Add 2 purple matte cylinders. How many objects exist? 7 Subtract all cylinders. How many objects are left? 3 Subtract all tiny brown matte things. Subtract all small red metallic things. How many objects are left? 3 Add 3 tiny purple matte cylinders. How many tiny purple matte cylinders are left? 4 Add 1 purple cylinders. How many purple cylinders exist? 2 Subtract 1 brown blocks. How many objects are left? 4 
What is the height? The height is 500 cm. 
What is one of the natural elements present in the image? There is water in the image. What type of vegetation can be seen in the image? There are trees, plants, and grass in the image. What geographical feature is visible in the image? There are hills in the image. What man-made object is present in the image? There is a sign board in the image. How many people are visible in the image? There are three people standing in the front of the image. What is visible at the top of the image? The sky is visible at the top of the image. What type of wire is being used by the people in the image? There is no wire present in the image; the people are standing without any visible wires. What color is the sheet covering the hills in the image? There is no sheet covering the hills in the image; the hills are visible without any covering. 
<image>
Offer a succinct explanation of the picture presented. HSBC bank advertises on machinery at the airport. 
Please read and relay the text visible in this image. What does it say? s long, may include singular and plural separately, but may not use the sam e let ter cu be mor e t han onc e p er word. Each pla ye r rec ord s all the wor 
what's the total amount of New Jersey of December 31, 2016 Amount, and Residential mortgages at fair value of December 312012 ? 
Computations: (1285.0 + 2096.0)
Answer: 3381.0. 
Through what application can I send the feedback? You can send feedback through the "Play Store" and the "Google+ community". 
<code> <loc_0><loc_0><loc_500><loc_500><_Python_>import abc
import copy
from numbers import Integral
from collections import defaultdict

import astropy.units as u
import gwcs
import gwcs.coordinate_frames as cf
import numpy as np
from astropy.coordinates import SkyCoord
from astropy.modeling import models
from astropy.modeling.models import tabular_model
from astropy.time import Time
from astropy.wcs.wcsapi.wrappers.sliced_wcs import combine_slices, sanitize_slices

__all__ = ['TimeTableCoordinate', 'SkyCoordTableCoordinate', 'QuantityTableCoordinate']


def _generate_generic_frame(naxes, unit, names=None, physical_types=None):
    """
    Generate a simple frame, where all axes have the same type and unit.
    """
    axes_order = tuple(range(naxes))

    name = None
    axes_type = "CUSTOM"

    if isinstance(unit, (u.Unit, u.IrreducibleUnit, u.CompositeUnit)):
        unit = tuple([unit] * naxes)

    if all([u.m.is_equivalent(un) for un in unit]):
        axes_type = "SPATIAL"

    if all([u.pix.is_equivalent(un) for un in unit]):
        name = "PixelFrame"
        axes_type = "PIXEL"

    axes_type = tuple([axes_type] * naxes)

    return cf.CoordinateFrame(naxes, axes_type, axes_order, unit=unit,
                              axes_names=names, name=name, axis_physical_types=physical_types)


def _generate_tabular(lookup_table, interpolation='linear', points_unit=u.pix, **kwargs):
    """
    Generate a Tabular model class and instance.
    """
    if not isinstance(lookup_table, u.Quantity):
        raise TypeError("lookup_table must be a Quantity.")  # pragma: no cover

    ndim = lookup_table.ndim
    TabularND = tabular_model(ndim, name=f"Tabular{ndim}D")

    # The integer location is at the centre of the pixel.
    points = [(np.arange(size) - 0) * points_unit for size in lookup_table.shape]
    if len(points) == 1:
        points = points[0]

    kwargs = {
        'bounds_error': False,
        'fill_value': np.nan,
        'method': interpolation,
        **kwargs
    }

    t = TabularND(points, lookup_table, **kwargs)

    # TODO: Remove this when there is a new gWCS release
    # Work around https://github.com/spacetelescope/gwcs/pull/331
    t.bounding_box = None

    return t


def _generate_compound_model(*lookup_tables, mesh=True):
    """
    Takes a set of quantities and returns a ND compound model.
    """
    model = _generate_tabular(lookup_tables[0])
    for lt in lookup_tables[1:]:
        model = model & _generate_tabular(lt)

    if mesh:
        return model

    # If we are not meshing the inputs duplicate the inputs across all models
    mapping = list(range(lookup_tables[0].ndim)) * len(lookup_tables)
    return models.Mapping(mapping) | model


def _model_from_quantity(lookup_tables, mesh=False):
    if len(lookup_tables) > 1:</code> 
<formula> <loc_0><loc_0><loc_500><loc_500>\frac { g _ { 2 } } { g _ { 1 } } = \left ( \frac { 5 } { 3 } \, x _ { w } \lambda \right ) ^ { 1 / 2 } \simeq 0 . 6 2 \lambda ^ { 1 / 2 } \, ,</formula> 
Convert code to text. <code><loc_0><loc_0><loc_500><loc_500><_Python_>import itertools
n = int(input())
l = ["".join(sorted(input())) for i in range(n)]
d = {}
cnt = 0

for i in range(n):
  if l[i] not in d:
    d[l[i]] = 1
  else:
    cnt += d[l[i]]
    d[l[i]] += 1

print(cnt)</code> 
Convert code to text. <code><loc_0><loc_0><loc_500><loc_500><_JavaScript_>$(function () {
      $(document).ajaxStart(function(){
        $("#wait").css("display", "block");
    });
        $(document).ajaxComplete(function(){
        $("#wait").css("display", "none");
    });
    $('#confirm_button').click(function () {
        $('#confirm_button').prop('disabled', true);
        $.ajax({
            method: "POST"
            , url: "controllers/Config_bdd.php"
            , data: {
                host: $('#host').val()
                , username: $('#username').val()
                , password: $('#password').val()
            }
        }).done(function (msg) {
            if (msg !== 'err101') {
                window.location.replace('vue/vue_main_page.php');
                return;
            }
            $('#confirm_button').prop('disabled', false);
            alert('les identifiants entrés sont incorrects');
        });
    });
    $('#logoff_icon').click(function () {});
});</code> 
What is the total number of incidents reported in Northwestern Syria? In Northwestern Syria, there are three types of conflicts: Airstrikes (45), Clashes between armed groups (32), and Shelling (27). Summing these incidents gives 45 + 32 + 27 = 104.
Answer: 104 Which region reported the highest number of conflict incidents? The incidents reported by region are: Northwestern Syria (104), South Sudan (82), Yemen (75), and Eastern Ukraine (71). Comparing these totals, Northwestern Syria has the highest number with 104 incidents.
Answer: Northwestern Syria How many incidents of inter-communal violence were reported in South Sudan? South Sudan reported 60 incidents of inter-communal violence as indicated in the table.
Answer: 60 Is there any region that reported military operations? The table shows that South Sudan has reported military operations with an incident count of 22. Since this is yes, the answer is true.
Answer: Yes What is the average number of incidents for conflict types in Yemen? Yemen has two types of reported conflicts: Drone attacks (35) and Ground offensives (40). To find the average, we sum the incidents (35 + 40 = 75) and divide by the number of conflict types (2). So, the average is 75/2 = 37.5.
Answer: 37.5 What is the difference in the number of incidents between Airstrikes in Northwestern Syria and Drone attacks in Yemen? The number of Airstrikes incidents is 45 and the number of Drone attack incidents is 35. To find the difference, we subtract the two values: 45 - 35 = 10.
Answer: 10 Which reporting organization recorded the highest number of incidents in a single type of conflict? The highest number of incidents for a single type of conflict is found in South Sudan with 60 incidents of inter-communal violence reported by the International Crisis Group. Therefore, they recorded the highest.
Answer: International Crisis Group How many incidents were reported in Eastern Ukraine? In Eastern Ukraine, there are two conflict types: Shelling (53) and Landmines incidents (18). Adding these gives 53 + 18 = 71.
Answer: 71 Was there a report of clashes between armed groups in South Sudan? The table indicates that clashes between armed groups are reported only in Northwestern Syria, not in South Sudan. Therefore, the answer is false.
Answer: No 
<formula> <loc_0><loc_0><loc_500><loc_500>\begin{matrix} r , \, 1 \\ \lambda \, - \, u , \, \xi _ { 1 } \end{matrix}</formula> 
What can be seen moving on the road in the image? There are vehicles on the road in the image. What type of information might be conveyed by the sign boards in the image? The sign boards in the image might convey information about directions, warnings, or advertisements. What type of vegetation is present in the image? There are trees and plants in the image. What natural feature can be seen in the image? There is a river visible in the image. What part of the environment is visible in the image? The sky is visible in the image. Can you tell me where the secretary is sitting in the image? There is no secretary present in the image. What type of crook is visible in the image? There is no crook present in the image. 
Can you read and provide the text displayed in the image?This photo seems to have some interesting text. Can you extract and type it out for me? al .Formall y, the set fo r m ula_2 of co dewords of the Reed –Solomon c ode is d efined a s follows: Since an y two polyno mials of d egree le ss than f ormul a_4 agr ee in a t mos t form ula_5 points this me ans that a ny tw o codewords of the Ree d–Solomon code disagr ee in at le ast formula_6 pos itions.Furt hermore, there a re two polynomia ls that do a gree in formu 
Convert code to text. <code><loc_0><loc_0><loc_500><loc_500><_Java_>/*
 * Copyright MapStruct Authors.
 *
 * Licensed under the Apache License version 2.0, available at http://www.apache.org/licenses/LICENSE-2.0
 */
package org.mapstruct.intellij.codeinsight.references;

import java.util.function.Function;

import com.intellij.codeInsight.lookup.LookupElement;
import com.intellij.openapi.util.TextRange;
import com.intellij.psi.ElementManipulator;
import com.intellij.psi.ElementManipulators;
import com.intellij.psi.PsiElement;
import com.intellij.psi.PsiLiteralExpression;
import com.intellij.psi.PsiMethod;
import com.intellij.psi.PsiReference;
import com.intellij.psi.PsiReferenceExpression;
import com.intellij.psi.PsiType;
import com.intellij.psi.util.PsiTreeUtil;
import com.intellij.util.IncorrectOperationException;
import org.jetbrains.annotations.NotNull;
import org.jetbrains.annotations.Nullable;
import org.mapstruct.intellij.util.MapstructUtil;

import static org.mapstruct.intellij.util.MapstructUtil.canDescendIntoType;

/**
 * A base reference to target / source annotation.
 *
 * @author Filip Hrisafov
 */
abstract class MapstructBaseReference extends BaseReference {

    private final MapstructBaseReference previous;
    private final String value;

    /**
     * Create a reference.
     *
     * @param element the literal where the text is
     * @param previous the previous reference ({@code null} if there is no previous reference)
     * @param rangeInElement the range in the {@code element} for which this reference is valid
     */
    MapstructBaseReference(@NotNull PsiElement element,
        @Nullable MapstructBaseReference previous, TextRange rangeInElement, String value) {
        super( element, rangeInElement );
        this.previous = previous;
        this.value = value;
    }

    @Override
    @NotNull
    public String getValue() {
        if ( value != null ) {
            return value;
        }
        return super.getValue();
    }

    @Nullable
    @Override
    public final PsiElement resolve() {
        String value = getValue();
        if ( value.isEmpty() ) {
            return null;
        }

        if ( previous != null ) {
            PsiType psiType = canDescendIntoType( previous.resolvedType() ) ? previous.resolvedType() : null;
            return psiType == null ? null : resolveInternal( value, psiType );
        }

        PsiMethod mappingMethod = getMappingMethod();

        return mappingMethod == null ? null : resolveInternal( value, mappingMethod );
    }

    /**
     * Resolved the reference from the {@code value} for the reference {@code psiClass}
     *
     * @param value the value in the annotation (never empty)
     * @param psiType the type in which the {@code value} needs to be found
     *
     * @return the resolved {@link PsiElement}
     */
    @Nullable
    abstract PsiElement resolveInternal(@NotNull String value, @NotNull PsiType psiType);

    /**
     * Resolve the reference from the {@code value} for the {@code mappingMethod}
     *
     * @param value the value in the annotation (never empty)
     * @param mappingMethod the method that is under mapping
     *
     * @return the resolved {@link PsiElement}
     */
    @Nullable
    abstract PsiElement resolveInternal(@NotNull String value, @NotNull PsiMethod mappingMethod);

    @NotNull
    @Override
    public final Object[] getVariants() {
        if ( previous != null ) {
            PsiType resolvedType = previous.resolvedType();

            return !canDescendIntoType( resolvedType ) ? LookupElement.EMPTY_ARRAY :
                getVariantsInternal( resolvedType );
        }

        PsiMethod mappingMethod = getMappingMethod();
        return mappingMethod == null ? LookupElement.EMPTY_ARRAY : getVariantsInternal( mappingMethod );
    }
_ _ _ _ _ _ _
Brief>
Where does the word "models" appear in the records? Copy every line that holds it.

Response to this task>
from astropy.modeling import models
from astropy.modeling.models import tabular_model
    # If we are not meshing the inputs duplicate the inputs across all models
    return models.Mapping(mapping) | model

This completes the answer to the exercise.